La gara si era conclusa nel 2020 con l’aggiudicazione a Tim, mentre Vodafone era risultata seconda in graduatoria. A seguito di ciò, Vodafone aveva fatto ricorso al Tar del Lazio per due motivi principali: il primo relativo alla attribuzione del punteggio per uno dei prodotti offerti da Vodafone e il secondo relativo al comportamento tenuto da Tim nel proporre e, soprattutto, confermare un’offerta contente un prodotto di una società terza, non più in produzione. In altre parole, la tipologia di prodotto “secure e-mail gateway” (SEG) proposta da Tim era uscita di produzione qualche giorno dopo la presentazione dell’offerta senza l’azienda lo comunicasse in sede di gara.

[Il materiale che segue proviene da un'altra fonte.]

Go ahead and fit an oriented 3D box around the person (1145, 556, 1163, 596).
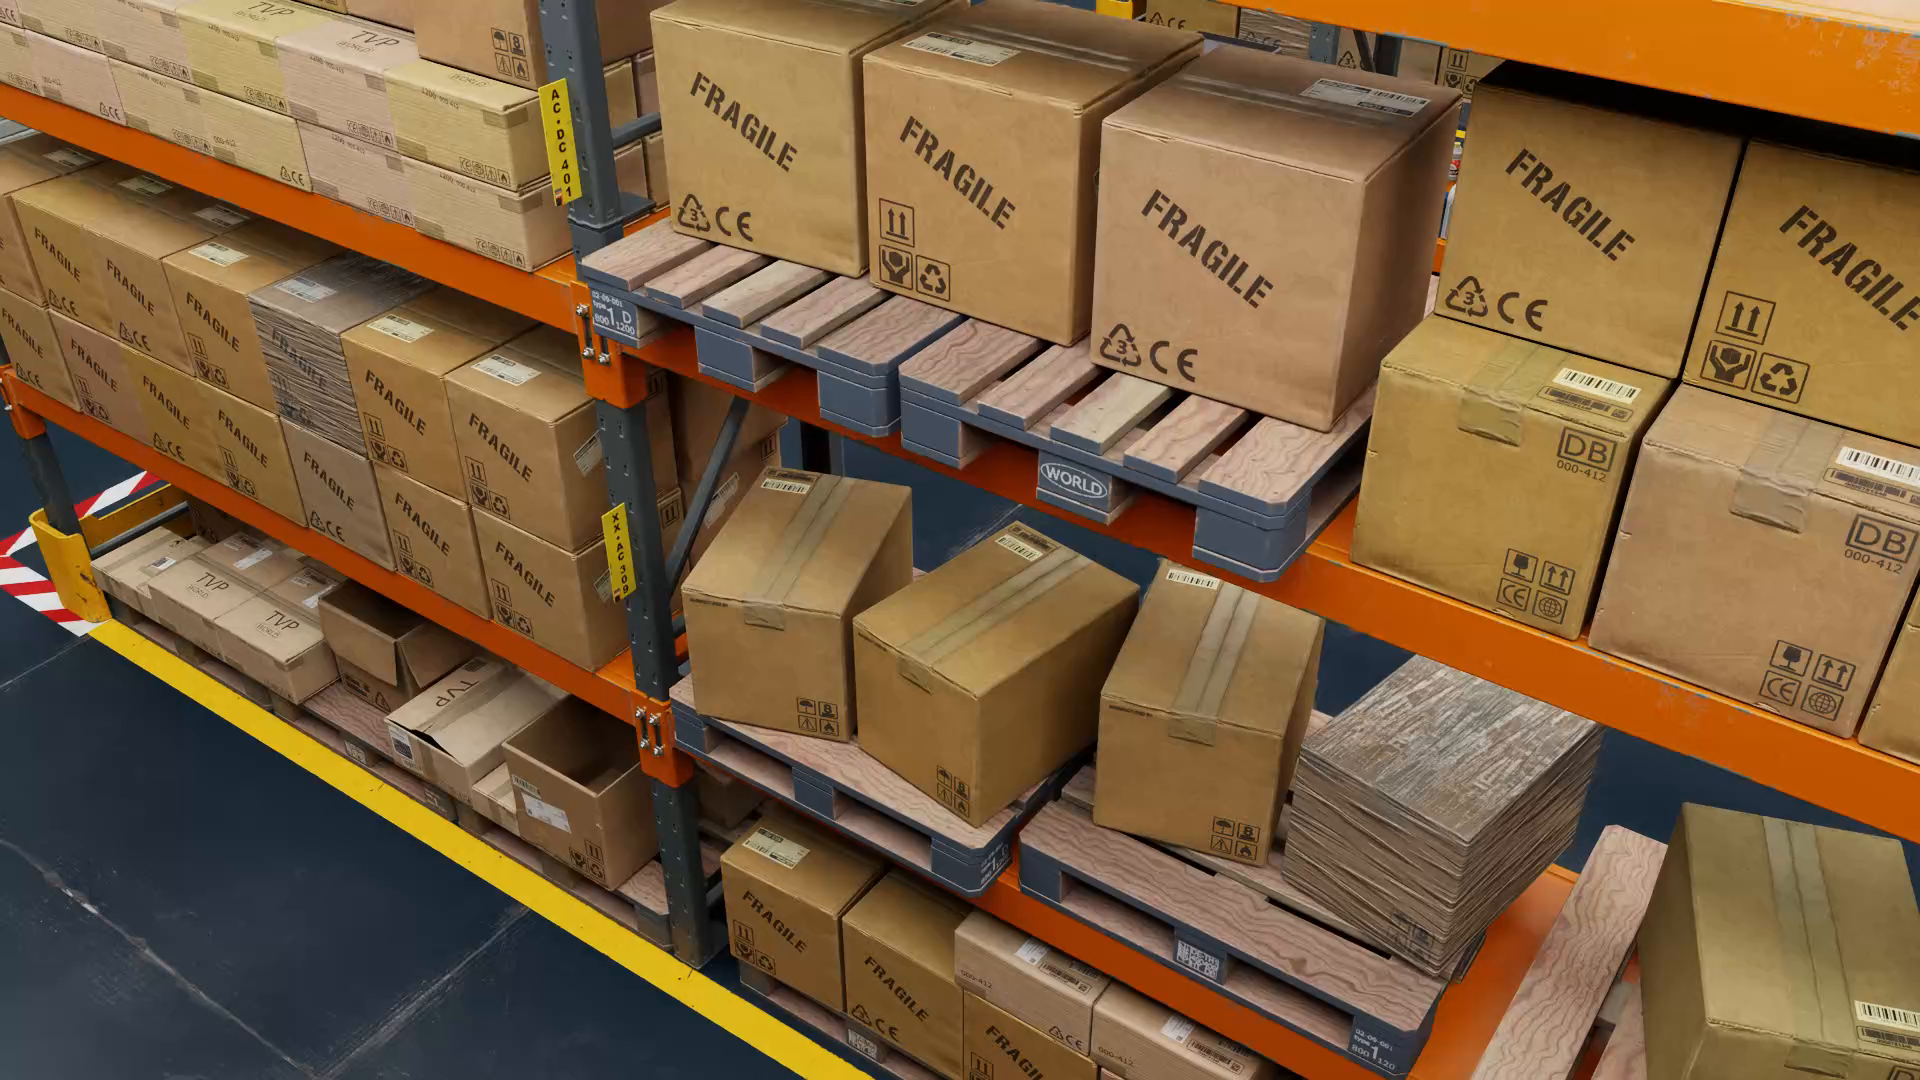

Nel novembre del 2020 il Tar aveva respinto il ricorso di Vodafone che pertanto si è appellata al Consiglio di Stato.
Con la sentenza in commento il Consiglio di Stato ha accolto l’appello proposto da Vodafone S.p.A (in proprio e n.q. di mandataria) annullando, di conseguenza, tutti gli atti impugnati e riformando la sentenza di primo grado emessa dal Tar Lazio.
Entrambe le censure mosse dalla ricorrente sono state accolte dal Collegio; a Telecom, che si era aggiudicata tutti i quattro lotti della fornitura è stato contestato di aver inserito nel progetto alcuni servizi, come la gestione di un sistema sicuro di gestione della posta elettronica, che la società aveva però dismesso prima ancora della conclusione della gara.
Il Tar aveva ritenuto di non biasimare questo comportamento e aveva, conseguentemente confermato l’affidamento dei lotti a Tim.
Di diverso avviso, i magistrati di appello hanno stabilito che Tim “confermando la propria offerta quando il prodotto era già stato ritirato dal commercio, ha omesso informazioni dovute ai fini del corretto svolgimento della procedura di selezione, e, comunque, ha reso una dichiarazione fuorviante suscettibile di influenzare le decisioni sull’esclusione”.
Decisivo, nella motivazione il passaggio che rimanda all’Adunanza Plenaria 16/2020, secondo cui anche in caso di dichiarazione fuorviante o omissiva spetta alla stazione appaltante apprezzare la condotta del concorrente per valutare se sussistano le condizioni per la sua esclusione dalla procedura, ritenendo integrata la causa di esclusione di cui all’art. 80, comma 5, lett. c – bis) d.lgs. 18 aprile 2016, n. 50, per essere la dichiarazione in grado di incidere sull’affidabilità ed integrità dell’operatore economico.